Absolutely a staple for this look! Wood knobs on antique furniture or painted wood knobs on cabinetry are almost always seen in cottages.
You wouldn’t be wrong for installing a few peg rails throughout the house. This concept derived from the Shaker style but it blends so well within English cottages too. Put them in the bathroom, kitchen, hallway, laundry room, entry, or honestly anywhere!
WEATHERED WOODS & ANTIQUE FURNITURE
Authentically weathered woods and antique furniture are a must for English cottage interiors. From aged wood beams lining the ceiling to dark weathered wood floors….it’s what makes the house look like it’s sat there for a century. And while it’s ok to use new wood and age it yourself, you’ll find the final look much more authentic when you use old wood.
Antique dressers, dining tables, and stools accentuate the look even more which leads me to my next point…
NOTHING LOOKS NEW
If there’s one “no-no” to creating a true English cottage look, it’s incorporating pieces that look brand new. The idea is that your home has been here for hundreds of years and your furniture should reflect that. A shiny new dining table surrounded by antique chairs is going to look out of place. That doesn’t mean that absolutely nothing in your home can be new…not everyone is up for a used couch…but perfecting that imperfect look is going to be the key.

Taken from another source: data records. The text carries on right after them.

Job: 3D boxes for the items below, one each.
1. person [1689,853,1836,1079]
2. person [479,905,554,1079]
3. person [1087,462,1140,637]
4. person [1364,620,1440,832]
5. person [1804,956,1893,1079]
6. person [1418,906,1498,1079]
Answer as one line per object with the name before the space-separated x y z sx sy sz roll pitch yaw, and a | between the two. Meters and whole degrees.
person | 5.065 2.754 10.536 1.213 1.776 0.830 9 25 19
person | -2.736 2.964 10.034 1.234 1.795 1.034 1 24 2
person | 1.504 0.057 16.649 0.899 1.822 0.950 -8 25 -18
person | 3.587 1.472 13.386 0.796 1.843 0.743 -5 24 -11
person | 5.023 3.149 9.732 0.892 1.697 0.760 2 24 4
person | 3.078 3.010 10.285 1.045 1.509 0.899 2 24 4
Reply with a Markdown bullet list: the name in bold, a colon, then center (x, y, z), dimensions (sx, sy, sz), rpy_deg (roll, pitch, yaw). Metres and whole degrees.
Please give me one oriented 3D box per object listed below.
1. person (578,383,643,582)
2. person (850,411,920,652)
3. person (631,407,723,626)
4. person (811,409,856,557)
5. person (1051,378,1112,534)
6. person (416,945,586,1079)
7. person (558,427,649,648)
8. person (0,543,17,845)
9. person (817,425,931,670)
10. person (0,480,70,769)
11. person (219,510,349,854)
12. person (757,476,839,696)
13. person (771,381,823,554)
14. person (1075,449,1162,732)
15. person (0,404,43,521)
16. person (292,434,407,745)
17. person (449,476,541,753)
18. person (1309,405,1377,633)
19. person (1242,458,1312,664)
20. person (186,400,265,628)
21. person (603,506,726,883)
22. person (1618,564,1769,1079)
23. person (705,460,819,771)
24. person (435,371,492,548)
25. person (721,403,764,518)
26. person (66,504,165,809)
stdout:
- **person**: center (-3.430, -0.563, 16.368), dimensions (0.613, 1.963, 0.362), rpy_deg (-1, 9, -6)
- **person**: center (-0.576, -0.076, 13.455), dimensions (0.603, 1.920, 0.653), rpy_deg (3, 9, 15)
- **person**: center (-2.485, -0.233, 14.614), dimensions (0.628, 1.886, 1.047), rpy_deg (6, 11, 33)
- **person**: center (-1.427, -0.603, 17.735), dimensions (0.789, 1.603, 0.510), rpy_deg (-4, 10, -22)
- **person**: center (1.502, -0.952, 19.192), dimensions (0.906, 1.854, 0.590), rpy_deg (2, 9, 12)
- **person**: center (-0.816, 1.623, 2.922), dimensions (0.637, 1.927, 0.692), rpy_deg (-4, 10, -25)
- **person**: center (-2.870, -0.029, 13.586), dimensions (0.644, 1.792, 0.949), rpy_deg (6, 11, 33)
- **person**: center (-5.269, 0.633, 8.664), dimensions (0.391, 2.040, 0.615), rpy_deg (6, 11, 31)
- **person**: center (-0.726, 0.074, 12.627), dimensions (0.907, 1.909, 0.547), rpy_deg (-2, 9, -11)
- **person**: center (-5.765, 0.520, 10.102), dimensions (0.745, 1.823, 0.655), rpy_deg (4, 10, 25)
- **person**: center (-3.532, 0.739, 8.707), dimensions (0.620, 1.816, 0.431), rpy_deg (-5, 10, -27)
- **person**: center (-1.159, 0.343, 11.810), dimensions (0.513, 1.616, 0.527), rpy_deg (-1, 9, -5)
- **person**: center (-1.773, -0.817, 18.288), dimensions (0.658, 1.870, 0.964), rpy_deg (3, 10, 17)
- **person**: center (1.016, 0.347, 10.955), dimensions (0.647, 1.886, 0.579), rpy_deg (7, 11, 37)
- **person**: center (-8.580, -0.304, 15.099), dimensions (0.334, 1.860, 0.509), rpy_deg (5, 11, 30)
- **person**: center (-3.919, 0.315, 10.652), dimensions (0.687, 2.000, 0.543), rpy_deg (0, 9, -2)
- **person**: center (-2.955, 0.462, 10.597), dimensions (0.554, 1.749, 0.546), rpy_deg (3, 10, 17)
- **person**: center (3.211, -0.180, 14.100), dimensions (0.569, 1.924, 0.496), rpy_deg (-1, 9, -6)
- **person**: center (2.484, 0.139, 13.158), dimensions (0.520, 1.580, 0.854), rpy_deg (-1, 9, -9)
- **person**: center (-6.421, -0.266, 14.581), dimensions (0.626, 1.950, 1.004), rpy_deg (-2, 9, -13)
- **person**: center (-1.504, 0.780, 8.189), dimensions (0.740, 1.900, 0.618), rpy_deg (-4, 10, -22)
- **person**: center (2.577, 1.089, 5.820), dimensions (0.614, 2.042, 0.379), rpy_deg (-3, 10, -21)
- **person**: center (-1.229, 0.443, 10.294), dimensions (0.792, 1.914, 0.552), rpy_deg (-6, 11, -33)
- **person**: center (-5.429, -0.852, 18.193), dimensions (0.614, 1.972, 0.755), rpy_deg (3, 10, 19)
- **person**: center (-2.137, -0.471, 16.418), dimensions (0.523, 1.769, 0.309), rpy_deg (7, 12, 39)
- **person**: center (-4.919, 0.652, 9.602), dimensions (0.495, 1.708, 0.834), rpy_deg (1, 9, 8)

COLLECTED AND ACQUIRED LOOK
You know it’s a true English cottage look when it has somewhat of an eclectic and evolved look. This style isn’t meant to be created in a day. Acquiring antique furniture, artwork, and vintage serveware over time will result in nothing in your home perfectly matching…which is kinda the point!
VERTICAL SHIPLAP / BEADBOARD
Years ago I would’ve coined vertical shiplap as strictly a farmhouse vibe, but then I started dissecting photos of English cottages and was so surprised to find both vertical shiplap and beadboard tucked into so many homes. I’m telling you, this element is a classic for so many styles!
LOTS OF PATTERNS!!!
Perhaps the most important element is including lots and lots and lots of patterns! This style is not shy when it comes to toile wallpaper, paisley furniture, striped pillows, and floral…so much floral. The rules of pattern mixing go out the window and you can get as “matchy-matchy” or as funky as you want when blending patterns within a room.
Keep your eyes peeled for pleated shades in the thrift stores! Doesn’t matter if they’re solid, floral patterned, or even a little bit ugly…trust me it belongs in an English cottage.
Comfort is important and oversized club chairs or plush couches are pretty common. If you sink into the cushions then you’re doing it right.
ENGLISH ARMS ON CHAIRS & SOFAS
Bonus points for picking seating with english arms! English arms (or rolled arms) have rounded arms with folded fabric like in the photo above.
Creating a cozy feel is essential and it’s ten times easier to do that when you have grilles in your windows. It’s not essential to the look, but it is incredibly impactful in my opinion.
MUTED BOTANICAL COLORS
The colors of your home should reflect the colors of a botanical garden. Creating a color palette that mirrors the outdoors is key. While some saturated colors can be found in English cottages, we’re more likely to see a muted palette highlighting faded blues, sage greens, pale pinks, etc.
LOTS OF BOOKS (AND NOT JUST THE PRETTY KIND)
If there’s one thing that pops in my head the second I think of an English cottage, I think of books! A makeshift library or a bookshelf filled to the brim with pretty AND not so pretty books will do the job…Because the English cottage look is about embracing imperfection all the way from weathered woods, and worn furniture, to books that don’t have designer covers.
A LITTLE CLUTTER
And last but not least, because this style is all about collecting antiques and acquiring over time, it’s not uncommon for an English cottage to look a little bit cluttered and a little bit busy…but in the best way possible!